Il commento di Antonio Valerio SperaSummary:
Dopo quindici anni Luc Besson torna alla fantascienza. Il regista francese reduce dalla saga di Arthur e dei Minimei e dal non eccelso Cose nostre – Malavita, si riappropria delle atmosfere sci-fi de Il quinto elemento e dirige Scarlett Johansson, Morgan Freeman e l’attore sudcoreano Min-sik Choi in una pellicola che parte da una leggenda che riguarda l’essere umano, quella per la quale le persone siano in grado di sfruttare solo il 10 per cento delle potenzialità del proprio cervello.
Uno spunto narrativo su cui Besson ha lavorato per quasi un decennio, parlando continuamente con neuroscienziati per avere informazioni sull’argomento. «Cosa accadrebbe se l’uomo riuscisse ad avere accesso al restante 90 per cento delle potenzialità cerebrali?», si è chiesto il regista prima di mettere mano alla sceneggiatura: «la mia idea era quella di realizzare un thriller partendo da questa domanda, volevo fare qualcosa di spettacolare e a differenza di altri film non ho pensato neanche un secondo di affidare quest’idea ad un altro regista».
Così dopo anni Besson ha portato a termine il suo progetto e ha realizzato Lucy, dove la ragazza che dà il titolo al film è una studentessa che vive a Taipei. Un giorno il suo fidanzato la costringe a consegnare una valigetta al posto suo. Il ragazzo però viene ucciso e Lucy viene sequestrata da un gruppo di malavitosi che la obbligano a lavorare per loro come corriere della droga. Viene operata chirurgicamente e nel suo addome viene inserita una sacca contenente una potente sostanza stupefacente. Quando subisce un violento pestaggio, il pacchetto che trasporta dentro di sé si rompe e la droga si riversa nel suo organismo. Lucy improvvisamente aumenta a dismisura la capacità di sfruttamento del proprio cervello e acquista straordinarie capacità fisiche e mentali.

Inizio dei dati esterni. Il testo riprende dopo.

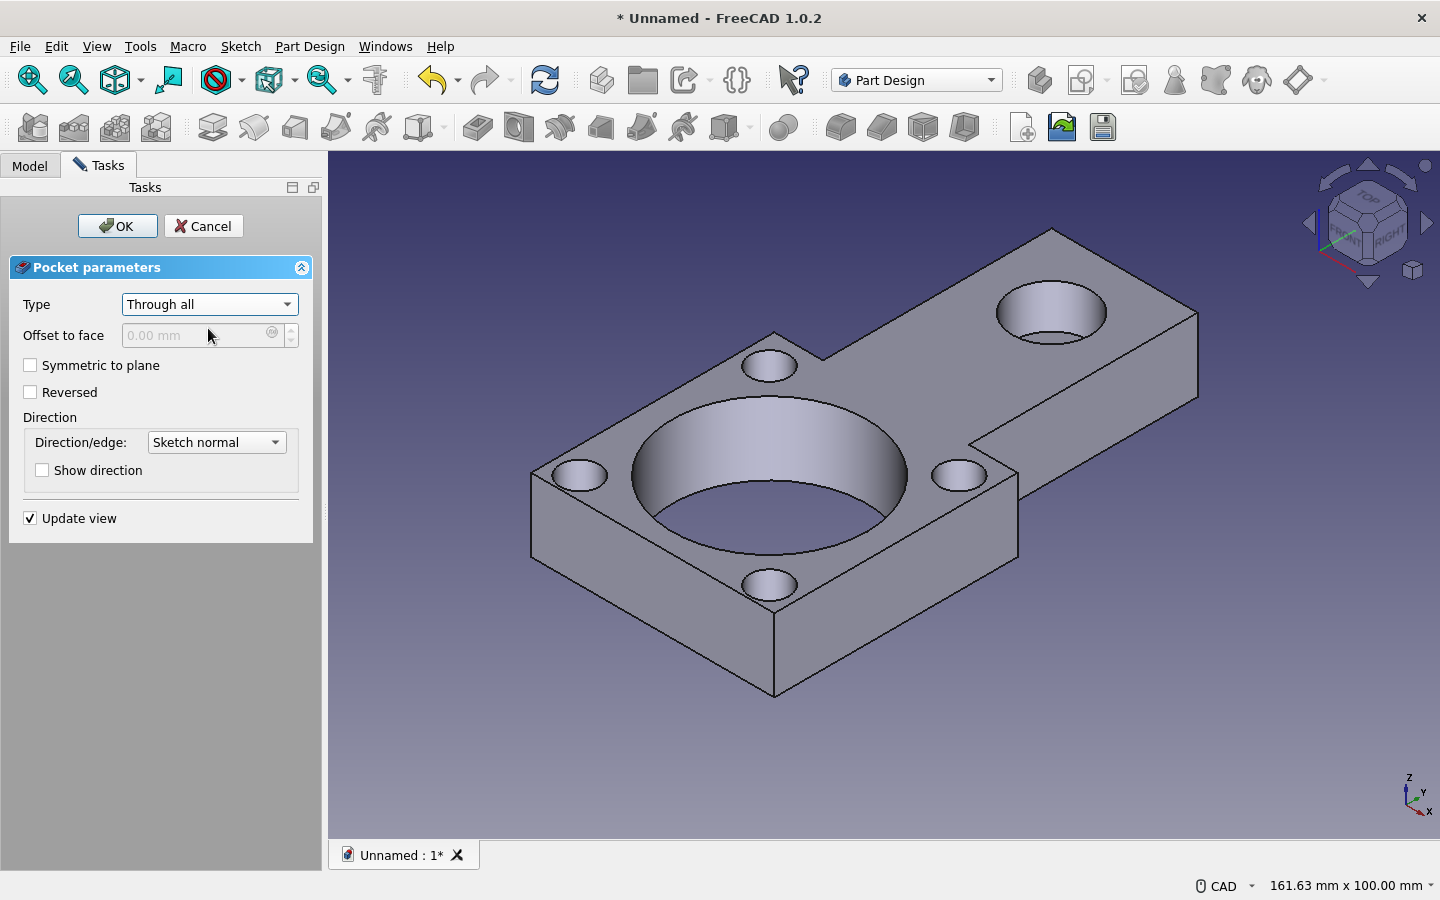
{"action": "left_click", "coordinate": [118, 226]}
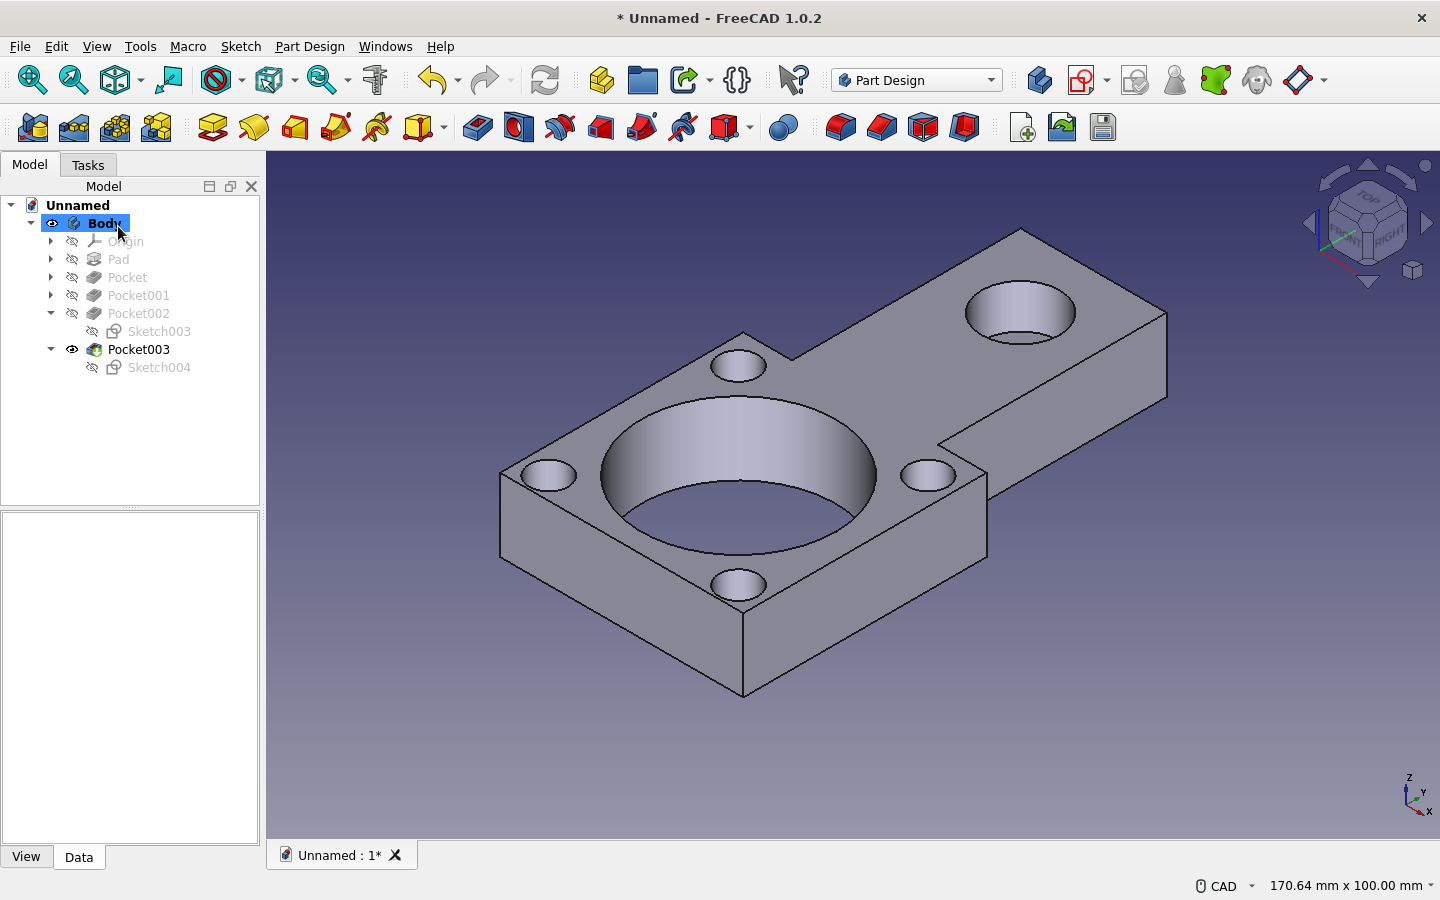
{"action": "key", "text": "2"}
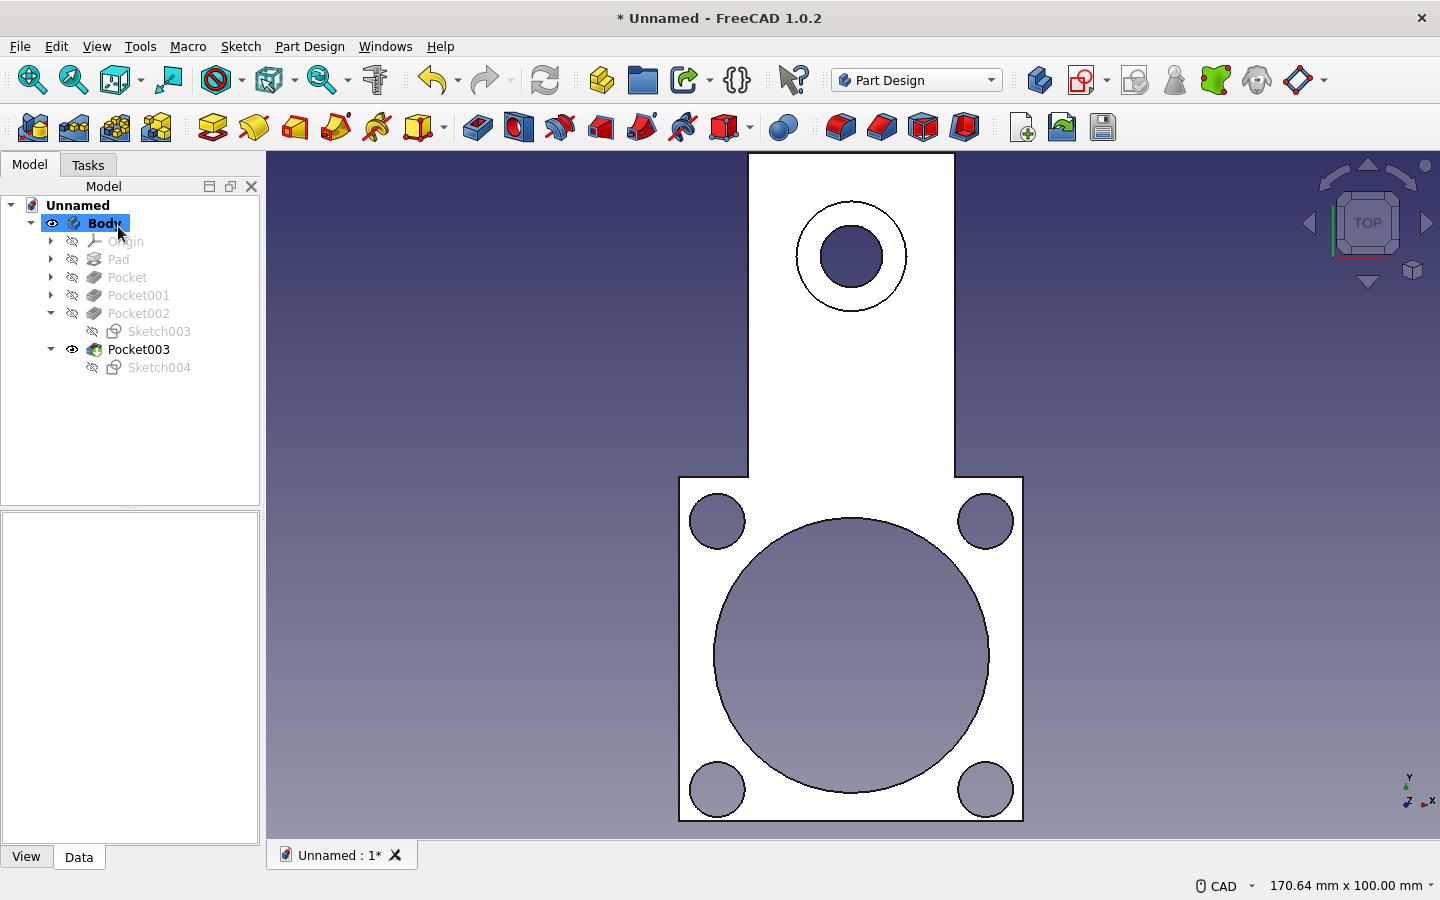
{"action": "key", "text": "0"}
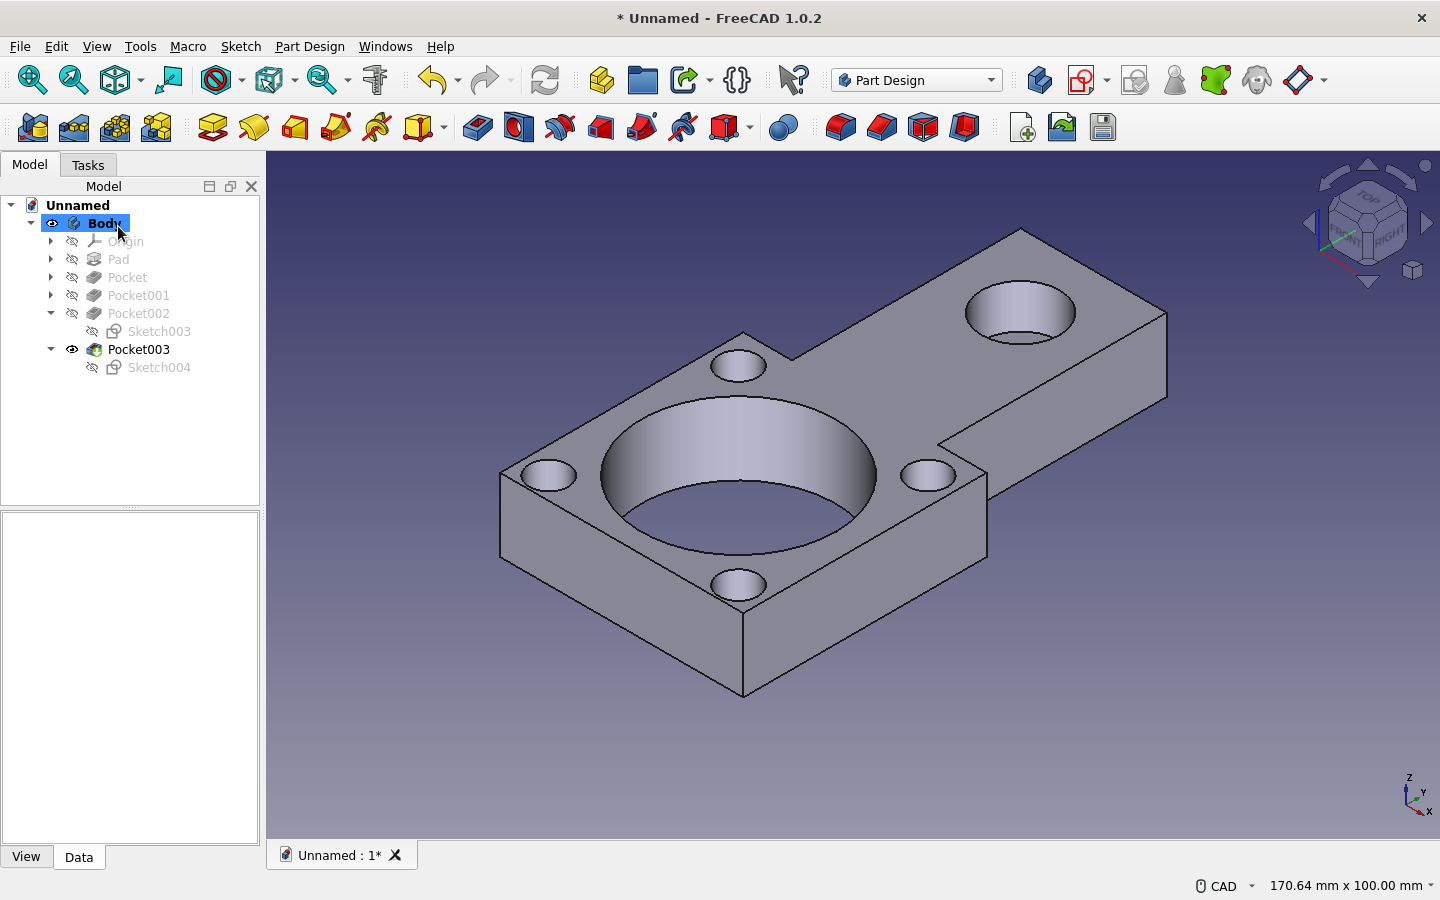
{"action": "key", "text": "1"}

Besson descrive Lucy come un film in tre atti: «l’inizio è Léon, la parte centrale Inception e l’ultima 2001: odissea nello spazio». Il regista dunque non nega di aver attinto da molto cinema mondiale per realizzare questo film, in cui si diverte a citare certi film orientali, i fratelli Wachowski e anche Terrence Malick. Nonostante questo, però, il film si inserisce perfettamente nell’opera bessoniana. Non solo per l’estetica cinetica e visivamente conturbante tipica della sua poetica cinematografica, ma anche e soprattutto per il personaggio femminile che sta al centro della narrazione. Besson infatti ha sempre dato importanza alle figure femminili nei suoi film: «io non sono orientato verso forti figure maschili, come ad esempio lo era certo cinema americano tutto muscoli degli anni ’80. A me Achille senza il tallone non mi interesserebbe. E’ una figura che mi attrae per la sua debolezza. E’ per questo che amo i personaggi femminili. Loro sono spesso meno forti degli uomini, così devono trovare altre strade per competere con loro, che sono quelle dell’intelligenza, della furbizia. Per questo mi attraggono di più».
All’elenco delle figure femminili della sua filmografia, da Nikita alla Mathilda di Léon (Natalie Portman), da Leeloo (Il quinto elemento) a Giovanna d’Arco (entrambe interpretate da Milla Jovovich), da Aung San Suu Kyi di The Lady (Michelle Yeoh) ad Angel-A (Rie Rasmussen), si aggiunge quindi la Lucy di Scarlett Johansson. Un’attrice, quest’ultima, che conferma di rischiare molto nelle sue scelte artistiche, dopo Her e Under the Skin. E se in questi due film ha mostrato di saper sfruttare al meglio, rispettivamente, la sua voce e il suo corpo, con Lucy dimostra di sapersela cavare alla grande con la sua mente. Una mente sfruttata al 100%.